Все произошло так быстро. Транспортным самолетом он долетел до Вунсторфа, оттуда поездом добрался до Бремена и теперь намерен провести здесь десять дней.
Ральф падает в кресло, раскидывает в стороны руки и ноги. Он выглядит упитанным. Обморожений на Балканах не бывает.
Также, как и бабушка Берта, я приглашаю его к столу. Ему приятно, что я приготовила для него пиво.
— В Приштине мы пили исключительно бременское пиво, — говорит он и рассказывает о пивном фестивале «Октоберфест», который отмечали все вместе солдаты-интернационалисты. Была развернута палатка, как в Мюнхене, и местные девушки разносили наполненные до краев кружки с пивом. Так вот мирно проходит сейчас жизнь в Косово.

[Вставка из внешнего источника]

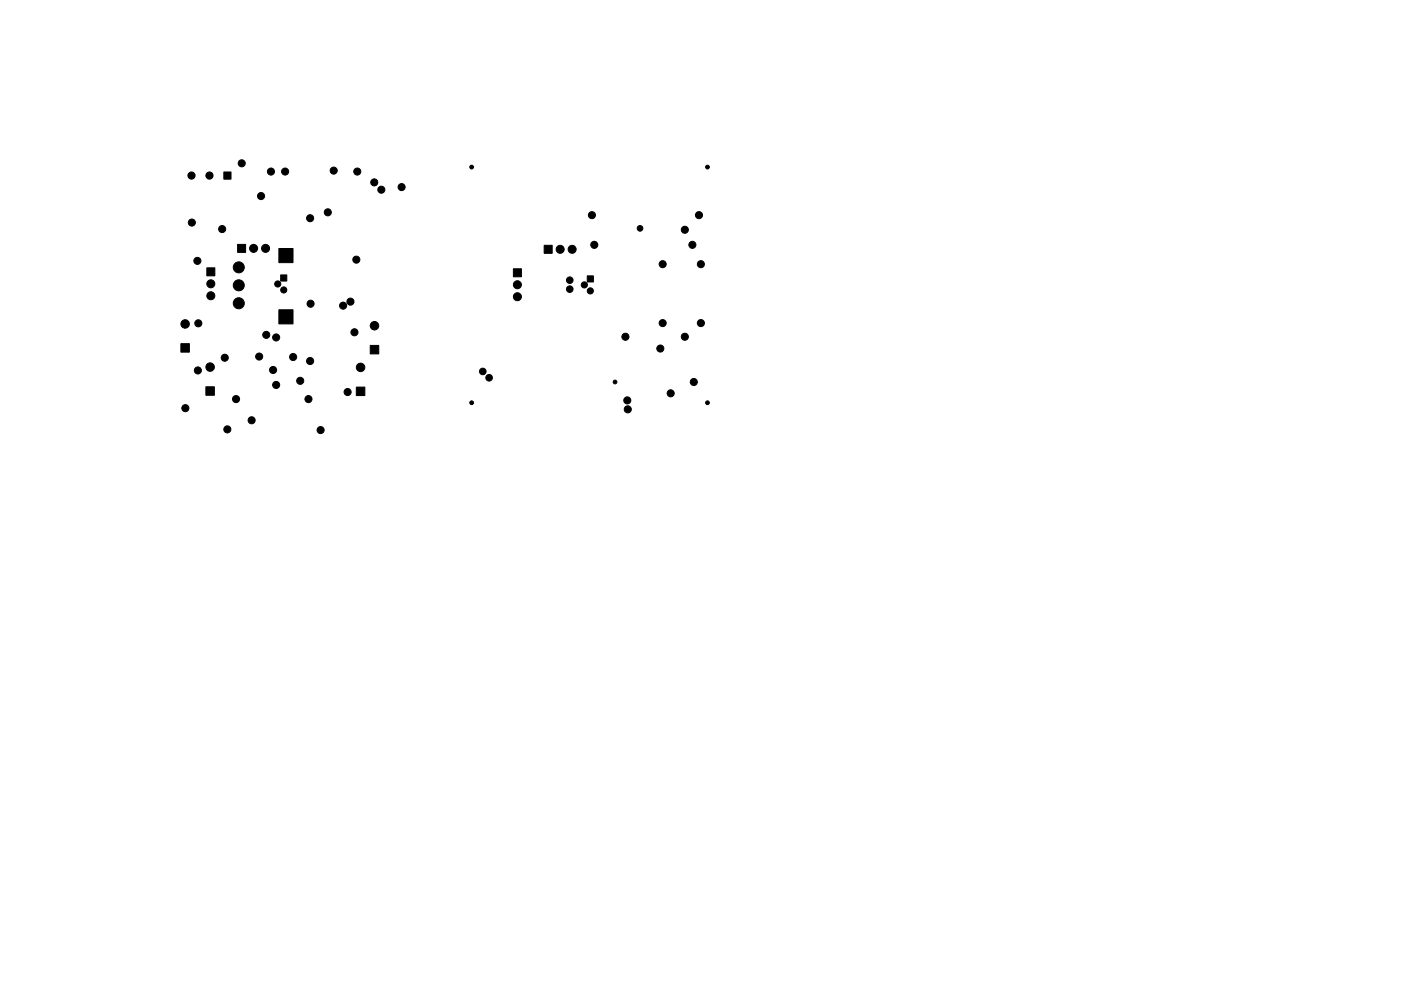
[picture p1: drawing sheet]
<svg xmlns="http://www.w3.org/2000/svg" width="297mm" height="210mm" viewBox="0 0 297 210" stroke-linecap="round" stroke-linejoin="round" font-family="sans-serif">
<g fill="#000" stroke="#000" stroke-width=".21">
<path d="M47.5 36.5h1.5v1.5h-1.5zM43.9 56.8h1.7v1.7h-1.7zM50.4 51.8h1.7v1.7h-1.7zM59.1 52.7h3v3h-3zM59.5 58.3h1.3v1.3h-1.3zM108.8 57h1.7v1.7h-1.7zM115.4 52h1.7v1.7h-1.7zM124.5 58.5h1.3v1.3h-1.3zM38.3 72.9h1.9v1.8h-1.9zM59.1 65.7h3v3h-3zM78.5 73.3h1.8v1.8h-1.8zM43.6 82.1h1.8v1.8h-1.8z"/>
<path d="M75.6 82.1h1.8v1.8h-1.8z"/>
<circle cx="40.6" cy="37.2" r=".76"/>
<circle cx="44.4" cy="37.2" r=".76"/>
<circle cx="51.2" cy="34.6" r=".75"/>
<circle cx="57.4" cy="36.4" r=".75"/>
<circle cx="60.4" cy="36.4" r=".75"/>
<circle cx="70.8" cy="36.2" r=".75"/>
<circle cx="75.8" cy="36.4" r=".75"/>
<circle cx="79.3" cy="38.7" r=".75"/>
<circle cx="85.1" cy="39.7" r=".75"/>
<circle cx="100" cy="35.4" r=".4"/>
<circle cx="150" cy="35.4" r=".4"/>
<circle cx="40.7" cy="47.2" r=".75"/>
<circle cx="41.8" cy="55.3" r=".75"/>
<circle cx="47.1" cy="48.6" r=".75"/>
<circle cx="50.6" cy="56.7" r="1.17"/>
<circle cx="53.8" cy="52.7" r=".85"/>
<circle cx="55.3" cy="41.6" r=".75"/>
<circle cx="56.3" cy="52.7" r=".85"/>
<circle cx="65.8" cy="46.3" r=".75"/>
<circle cx="69.5" cy="45" r=".75"/>
<circle cx="75.5" cy="55.1" r=".75"/>
<circle cx="80.8" cy="40.2" r=".75"/>
<circle cx="118.8" cy="52.9" r=".85"/>
<circle cx="120.8" cy="59.4" r=".7"/>
<circle cx="121.3" cy="52.9" r=".85"/>
<circle cx="125.5" cy="45.6" r=".75"/>
<circle cx="126" cy="51.9" r=".75"/>
<circle cx="135.7" cy="48.4" r=".6"/>
<circle cx="140.5" cy="56" r=".75"/>
<circle cx="145.2" cy="48.7" r=".75"/>
<circle cx="146.8" cy="51.9" r=".75"/>
<circle cx="148.2" cy="45.6" r=".75"/>
<circle cx="148.6" cy="56" r=".75"/>
<circle cx="39.2" cy="68.7" r=".9"/>
<circle cx="41.9" cy="78.6" r=".75"/>
<circle cx="42" cy="68.6" r=".75"/>
<circle cx="44.5" cy="77.9" r=".9"/>
<circle cx="44.7" cy="60.2" r=".85"/>
<circle cx="44.7" cy="62.8" r=".85"/>
<circle cx="47.6" cy="75.9" r=".75"/>
<circle cx="50.6" cy="60.5" r="1.17"/>
<circle cx="50.6" cy="64.3" r="1.17"/>
<circle cx="54.9" cy="75.6" r=".75"/>
<circle cx="56.4" cy="71" r=".75"/>
<circle cx="57.9" cy="78.5" r=".75"/>
<circle cx="58.5" cy="71.6" r=".75"/>
<circle cx="58.9" cy="60.2" r=".65"/>
<circle cx="60.2" cy="61.5" r=".65"/>
<circle cx="62.1" cy="75.7" r=".75"/>
<circle cx="65.8" cy="76.6" r=".75"/>
<circle cx="65.8" cy="64.4" r=".75"/>
<circle cx="72.8" cy="64.8" r=".75"/>
<circle cx="74.3" cy="64" r=".75"/>
<circle cx="75.1" cy="70.5" r=".75"/>
<circle cx="76.4" cy="77.9" r=".9"/>
<circle cx="79.4" cy="69.1" r=".9"/>
<circle cx="102.4" cy="78.8" r=".7"/>
<circle cx="109.7" cy="63" r=".85"/>
<circle cx="109.7" cy="60.4" r=".85"/>
<circle cx="120.8" cy="61.3" r=".7"/>
<circle cx="123.9" cy="60.4" r=".65"/>
<circle cx="125.2" cy="61.7" r=".65"/>
<circle cx="132.6" cy="71.4" r=".75"/>
<circle cx="140" cy="73.9" r=".75"/>
<circle cx="140.5" cy="68.5" r=".75"/>
<circle cx="145.2" cy="71.4" r=".75"/>
<circle cx="148.6" cy="68.5" r=".75"/>
<circle cx="39.3" cy="86.6" r=".75"/>
<circle cx="48.2" cy="91.1" r=".75"/>
<circle cx="50" cy="84.7" r=".75"/>
<circle cx="53.3" cy="89.2" r=".75"/>
<circle cx="58.5" cy="81.7" r=".75"/>
<circle cx="63.6" cy="80.8" r=".75"/>
<circle cx="65.4" cy="84.7" r=".75"/>
<circle cx="68" cy="91.2" r=".75"/>
<circle cx="73.7" cy="83.2" r=".75"/>
<circle cx="100" cy="85.4" r=".4"/>
<circle cx="103.7" cy="80.2" r=".7"/>
<circle cx="130.4" cy="81" r=".4"/>
<circle cx="133" cy="84.9" r=".75"/>
<circle cx="133.1" cy="86.8" r=".75"/>
<circle cx="142.2" cy="83.4" r=".75"/>
<circle cx="147.1" cy="81" r=".75"/>
<circle cx="150" cy="85.4" r=".4"/>
</g>
</svg>

«Есть ли у них в Приштине публичный дом?» — спрашиваю я себя, но не осмеливаюсь сказать это вслух.
— Там, где размещаются солдаты, обязательно имеется бордель, — утверждает Вегенер. — Куда еще девать свою силу молодым парням? Либо они играют в войну, либо посещают бордель.
Во время еды сын перезванивается со своим школьным другом из Вегезака. Ему хочется в тот же вечер встретиться с друзьями, притом за настоящим бременским пивом. Я с облегчением вздыхаю, так как сегодня он не увидит моего настенного русского натюрморта, и мне не придется ему что-либо объяснять.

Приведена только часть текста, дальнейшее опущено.